Seis meses de prisión por pedir la dimisión del primer ministro luso en el Parlamento
El juez elogia el compromiso de la mujer pero la condena "por interrumpir un debate parlamentario"

Seis meses de prisión por pedir la dimisión del primer ministro portugués. Un tribunal de justicia de Lisboa ha condenado a una mujer que, desde las tribunas reservadas para el público en el parlamento luso, pidió la dimisión del entonces primer ministro, Pedro Passos Coelho.
El 11 de marzo del pasado año, Ana Nicolau, una desempleada de 39 años, y otras personas del público del grupo Precarios Inflexibles, comenzaron a lanzar gritos durante la sesión parlamentaria. Días antes, el diario Público había informado de que al primer ministro se le había olvidado pagar a la Seguridad Social. La sesión se interrumpió durante unos minutos hasta que las fuerzas de seguridad desalojaron a las personas que protestaban.
El juez ha condenado solo a Ana Nicolau con seis meses de prisión o 1.440 euros de multa por un delito de perturbación del funcionamiento del Parlamento, lo que está castigado hasta con tres años de cárcel.
El presidente del colegio de jueces, José Lopes Barata, ha señalado que el país necesita de ciudadanos comprometidos pero que "la sociedad no puede permitir que su actuación se haga dentro de la Asamblea de la República".

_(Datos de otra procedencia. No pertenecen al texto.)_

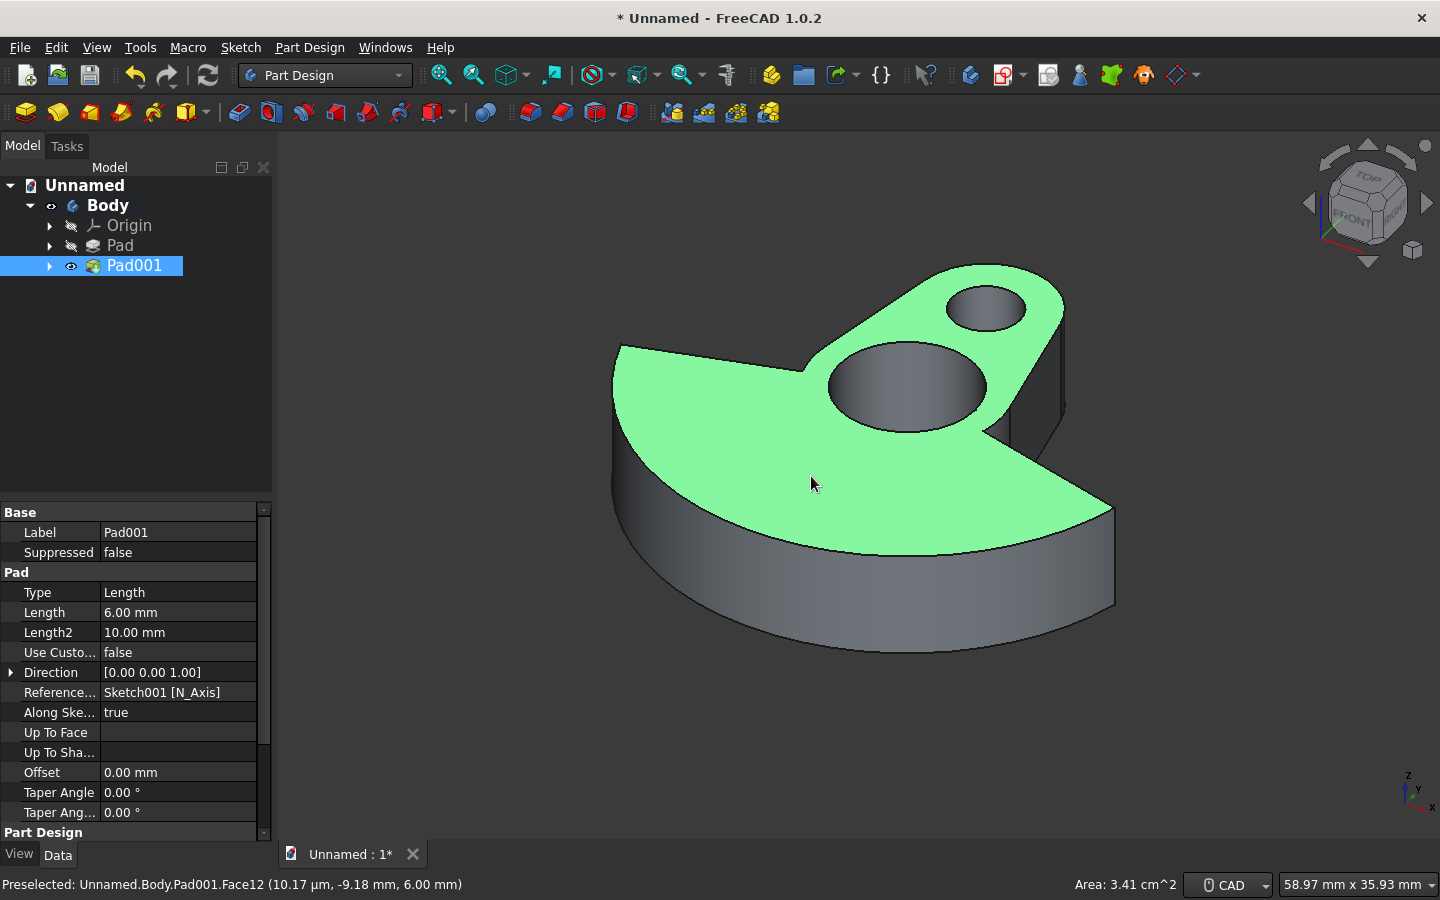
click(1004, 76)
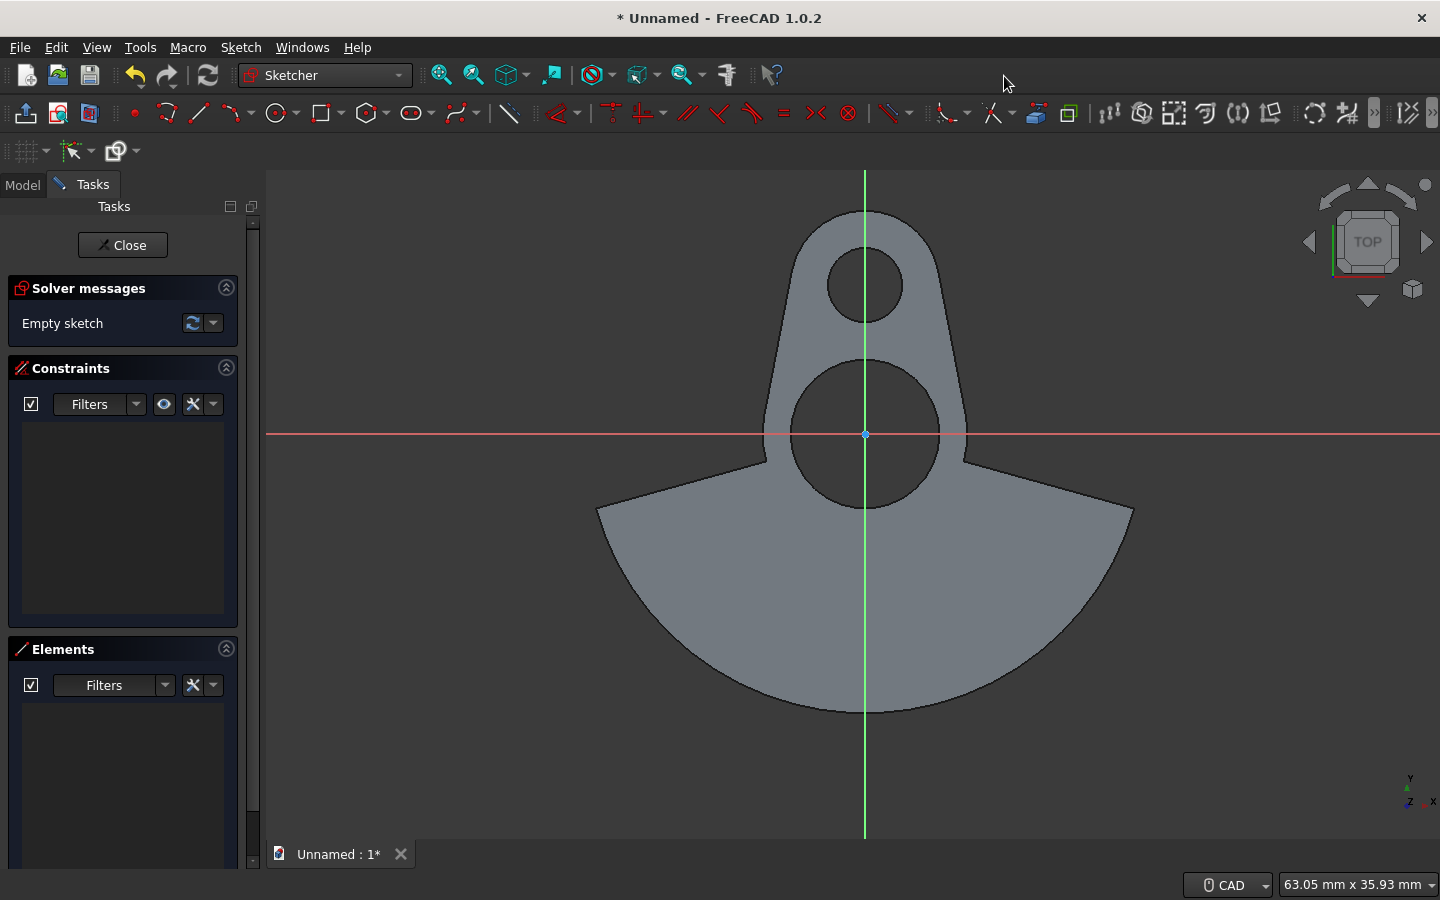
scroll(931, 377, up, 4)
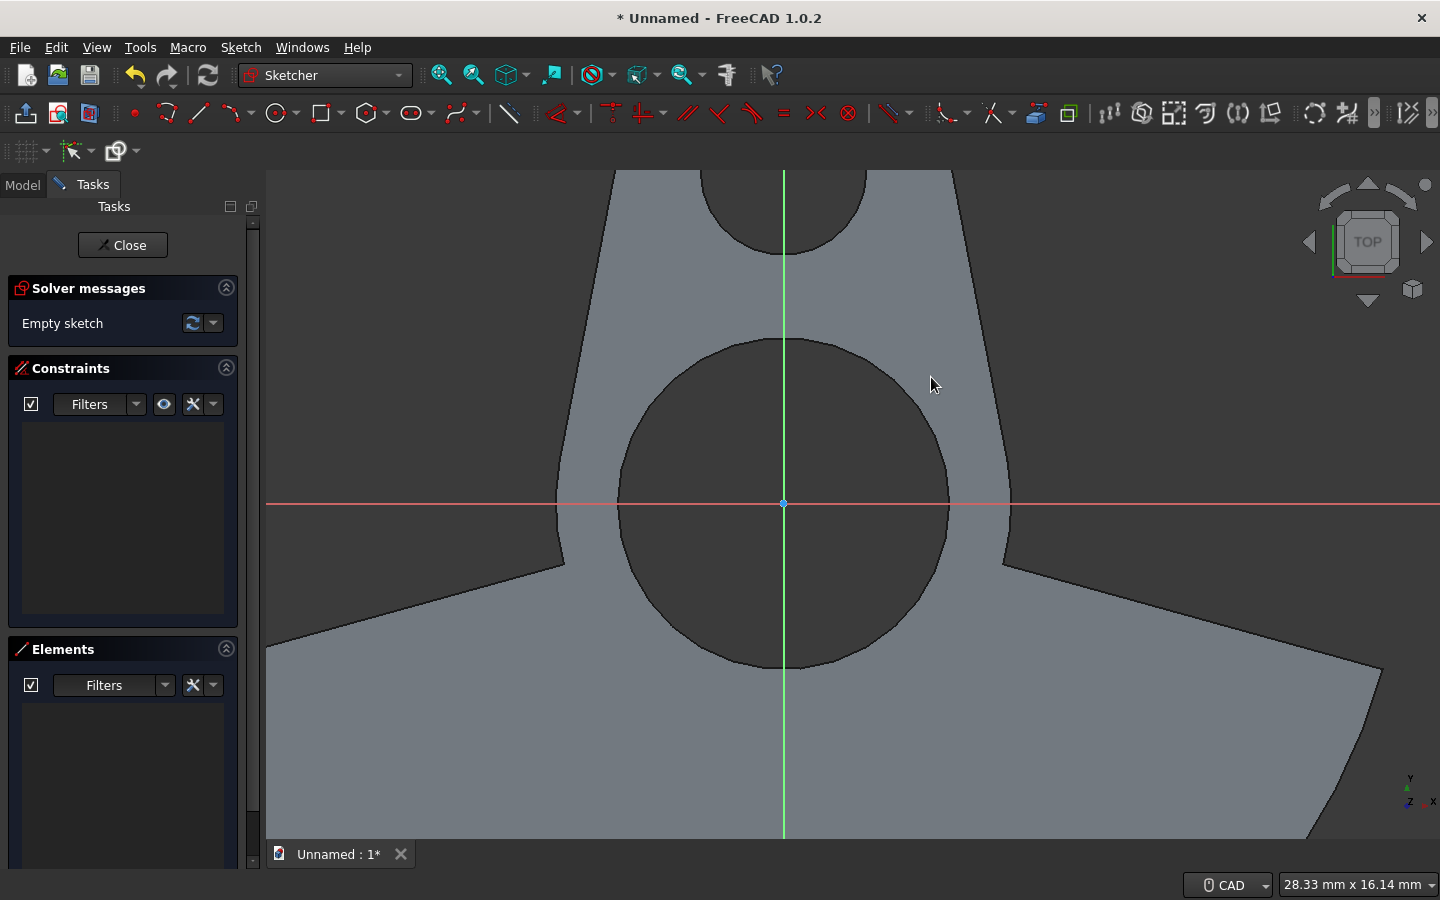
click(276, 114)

"La acusada se sobrepuso al poder de la Asamblea de la República, al impedir, aunque fuera por momentos, su funcionamiento", se escribe en el justificante de la condena. Sin embargo, la resolución da una de cal y otra de arena, pues elogia que la condenada "quisiera contribuir al bienestar de la comunidad", pero de forma "ilícita" y sin expresar posterior arrepentimiento.
Ya se ha iniciado una campaña popular para que 1.440 personas donen un euro para abonar la multa. Ningún grupo parlamentario ha expresado su apoyo a la condenada.